§ **Assignment**
In the records below, find the line containing "- CH3 level" and the line containing "- count of rising crossings of the mid level on CH1"; please repeat exactly the lines from one to the other, both included, and nothing more.
----- Supplied data
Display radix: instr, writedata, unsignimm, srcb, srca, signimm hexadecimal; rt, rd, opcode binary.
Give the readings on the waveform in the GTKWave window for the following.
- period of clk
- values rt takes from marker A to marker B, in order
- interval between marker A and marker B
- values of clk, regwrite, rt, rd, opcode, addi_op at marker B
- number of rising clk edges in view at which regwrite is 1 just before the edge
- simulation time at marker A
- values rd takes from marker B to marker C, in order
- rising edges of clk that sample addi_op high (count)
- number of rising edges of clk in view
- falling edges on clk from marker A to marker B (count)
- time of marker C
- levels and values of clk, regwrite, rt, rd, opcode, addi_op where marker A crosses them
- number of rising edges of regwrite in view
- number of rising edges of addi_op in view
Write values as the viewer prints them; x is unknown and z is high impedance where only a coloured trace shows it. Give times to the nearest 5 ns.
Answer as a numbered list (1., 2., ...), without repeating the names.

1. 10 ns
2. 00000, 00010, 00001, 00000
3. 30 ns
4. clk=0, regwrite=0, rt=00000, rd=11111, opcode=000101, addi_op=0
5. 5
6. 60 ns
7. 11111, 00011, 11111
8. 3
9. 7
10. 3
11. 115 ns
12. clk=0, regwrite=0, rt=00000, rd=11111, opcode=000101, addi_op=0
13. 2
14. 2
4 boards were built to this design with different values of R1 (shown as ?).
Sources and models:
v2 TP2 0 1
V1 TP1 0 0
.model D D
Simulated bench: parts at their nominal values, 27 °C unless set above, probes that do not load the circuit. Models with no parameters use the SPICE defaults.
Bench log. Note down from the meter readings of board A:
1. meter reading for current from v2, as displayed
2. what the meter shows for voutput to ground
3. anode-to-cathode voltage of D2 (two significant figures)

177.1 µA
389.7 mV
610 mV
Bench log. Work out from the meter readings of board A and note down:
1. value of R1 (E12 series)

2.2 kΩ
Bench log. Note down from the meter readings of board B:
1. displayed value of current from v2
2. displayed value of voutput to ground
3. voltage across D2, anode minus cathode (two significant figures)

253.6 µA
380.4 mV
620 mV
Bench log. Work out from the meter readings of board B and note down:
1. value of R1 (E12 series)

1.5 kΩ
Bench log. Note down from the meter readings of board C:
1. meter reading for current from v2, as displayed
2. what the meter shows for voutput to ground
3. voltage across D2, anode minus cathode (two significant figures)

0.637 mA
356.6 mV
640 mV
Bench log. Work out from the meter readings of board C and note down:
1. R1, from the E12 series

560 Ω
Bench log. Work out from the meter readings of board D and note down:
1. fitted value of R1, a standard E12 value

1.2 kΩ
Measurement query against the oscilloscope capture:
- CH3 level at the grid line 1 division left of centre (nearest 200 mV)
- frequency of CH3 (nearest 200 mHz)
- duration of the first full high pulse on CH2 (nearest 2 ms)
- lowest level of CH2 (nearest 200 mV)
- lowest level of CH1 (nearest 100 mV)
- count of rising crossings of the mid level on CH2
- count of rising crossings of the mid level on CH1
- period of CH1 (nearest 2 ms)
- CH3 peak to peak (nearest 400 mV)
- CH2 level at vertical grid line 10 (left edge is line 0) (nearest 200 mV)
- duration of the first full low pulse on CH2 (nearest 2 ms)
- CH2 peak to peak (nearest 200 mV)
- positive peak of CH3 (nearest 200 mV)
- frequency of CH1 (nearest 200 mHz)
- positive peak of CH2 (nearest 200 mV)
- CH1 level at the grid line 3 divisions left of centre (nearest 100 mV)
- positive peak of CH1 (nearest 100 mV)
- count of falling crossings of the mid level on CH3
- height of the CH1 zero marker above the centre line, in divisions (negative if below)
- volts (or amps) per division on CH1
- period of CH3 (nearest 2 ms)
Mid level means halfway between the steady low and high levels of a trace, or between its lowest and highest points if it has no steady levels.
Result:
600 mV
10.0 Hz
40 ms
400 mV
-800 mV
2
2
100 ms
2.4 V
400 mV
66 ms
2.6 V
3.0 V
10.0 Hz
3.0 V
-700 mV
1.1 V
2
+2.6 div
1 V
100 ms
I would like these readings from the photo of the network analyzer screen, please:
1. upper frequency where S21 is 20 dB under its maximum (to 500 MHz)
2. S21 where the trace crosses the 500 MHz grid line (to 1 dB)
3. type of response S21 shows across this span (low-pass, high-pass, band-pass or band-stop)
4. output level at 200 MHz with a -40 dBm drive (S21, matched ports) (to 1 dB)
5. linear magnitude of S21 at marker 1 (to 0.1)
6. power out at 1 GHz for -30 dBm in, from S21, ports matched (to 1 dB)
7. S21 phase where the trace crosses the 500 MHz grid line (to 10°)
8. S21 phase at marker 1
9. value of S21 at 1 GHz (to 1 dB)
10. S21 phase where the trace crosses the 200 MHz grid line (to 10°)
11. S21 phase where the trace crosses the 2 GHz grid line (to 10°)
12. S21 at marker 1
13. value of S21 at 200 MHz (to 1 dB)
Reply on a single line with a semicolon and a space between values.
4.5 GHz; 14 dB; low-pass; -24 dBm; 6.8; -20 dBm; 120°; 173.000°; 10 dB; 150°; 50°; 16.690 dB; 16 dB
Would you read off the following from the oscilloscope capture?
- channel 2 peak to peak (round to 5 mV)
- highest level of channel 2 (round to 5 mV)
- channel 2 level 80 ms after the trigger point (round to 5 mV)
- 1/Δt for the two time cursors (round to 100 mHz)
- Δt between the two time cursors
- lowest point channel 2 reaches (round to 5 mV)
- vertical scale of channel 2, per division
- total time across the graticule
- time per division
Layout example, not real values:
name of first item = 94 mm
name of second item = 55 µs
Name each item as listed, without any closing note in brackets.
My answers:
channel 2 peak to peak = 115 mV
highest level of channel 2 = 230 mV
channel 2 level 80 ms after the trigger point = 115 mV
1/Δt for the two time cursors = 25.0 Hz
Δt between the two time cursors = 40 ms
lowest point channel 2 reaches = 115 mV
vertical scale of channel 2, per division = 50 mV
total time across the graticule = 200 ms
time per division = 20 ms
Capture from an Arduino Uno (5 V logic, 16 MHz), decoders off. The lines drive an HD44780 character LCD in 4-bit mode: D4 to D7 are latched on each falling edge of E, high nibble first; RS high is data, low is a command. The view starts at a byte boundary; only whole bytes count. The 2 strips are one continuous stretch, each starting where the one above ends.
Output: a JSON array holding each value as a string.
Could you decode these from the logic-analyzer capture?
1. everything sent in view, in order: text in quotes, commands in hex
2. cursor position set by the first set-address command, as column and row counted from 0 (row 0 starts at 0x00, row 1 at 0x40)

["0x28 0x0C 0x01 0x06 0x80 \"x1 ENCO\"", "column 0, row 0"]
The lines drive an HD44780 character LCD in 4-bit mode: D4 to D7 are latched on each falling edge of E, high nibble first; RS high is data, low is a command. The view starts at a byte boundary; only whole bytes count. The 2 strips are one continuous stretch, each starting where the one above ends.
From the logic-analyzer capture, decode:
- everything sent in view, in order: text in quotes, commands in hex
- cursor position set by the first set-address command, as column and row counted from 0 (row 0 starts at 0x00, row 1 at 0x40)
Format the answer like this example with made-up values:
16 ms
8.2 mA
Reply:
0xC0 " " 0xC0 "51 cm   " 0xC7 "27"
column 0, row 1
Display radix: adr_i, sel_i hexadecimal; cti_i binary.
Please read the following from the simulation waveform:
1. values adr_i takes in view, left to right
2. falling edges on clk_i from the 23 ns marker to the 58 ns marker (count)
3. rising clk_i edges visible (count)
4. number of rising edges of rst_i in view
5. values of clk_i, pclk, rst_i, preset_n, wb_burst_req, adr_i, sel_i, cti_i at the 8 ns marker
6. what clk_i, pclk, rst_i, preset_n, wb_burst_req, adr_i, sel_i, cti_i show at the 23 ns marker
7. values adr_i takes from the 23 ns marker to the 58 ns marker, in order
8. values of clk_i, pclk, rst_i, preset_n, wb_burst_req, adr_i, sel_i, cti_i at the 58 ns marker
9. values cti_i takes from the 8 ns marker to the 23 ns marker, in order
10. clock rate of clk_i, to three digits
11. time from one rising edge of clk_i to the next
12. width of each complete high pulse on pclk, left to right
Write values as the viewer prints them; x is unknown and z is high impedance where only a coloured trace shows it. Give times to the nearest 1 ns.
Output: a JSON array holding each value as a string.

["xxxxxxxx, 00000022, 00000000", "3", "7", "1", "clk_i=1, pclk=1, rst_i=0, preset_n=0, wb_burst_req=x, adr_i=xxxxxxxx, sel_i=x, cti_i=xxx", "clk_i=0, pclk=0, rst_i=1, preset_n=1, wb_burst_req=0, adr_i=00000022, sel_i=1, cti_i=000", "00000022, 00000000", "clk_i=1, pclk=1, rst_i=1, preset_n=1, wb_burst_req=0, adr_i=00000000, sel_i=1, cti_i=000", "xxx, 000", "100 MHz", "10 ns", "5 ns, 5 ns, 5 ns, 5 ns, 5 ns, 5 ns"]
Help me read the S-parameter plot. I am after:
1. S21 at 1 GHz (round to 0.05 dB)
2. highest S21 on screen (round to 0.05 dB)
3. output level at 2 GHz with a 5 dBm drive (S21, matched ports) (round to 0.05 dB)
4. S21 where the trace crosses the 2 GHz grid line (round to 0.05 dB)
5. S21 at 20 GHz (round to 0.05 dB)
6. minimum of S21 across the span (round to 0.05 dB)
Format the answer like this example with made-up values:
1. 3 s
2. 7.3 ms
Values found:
----------
§ **Response for this exercise**
- CH3 level at the grid line 1 division left of centre (nearest 200 mV)
- frequency of CH3 (nearest 200 mHz)
- duration of the first full high pulse on CH2 (nearest 2 ms)
- lowest level of CH2 (nearest 200 mV)
- lowest level of CH1 (nearest 100 mV)
- count of rising crossings of the mid level on CH2
- count of rising crossings of the mid level on CH1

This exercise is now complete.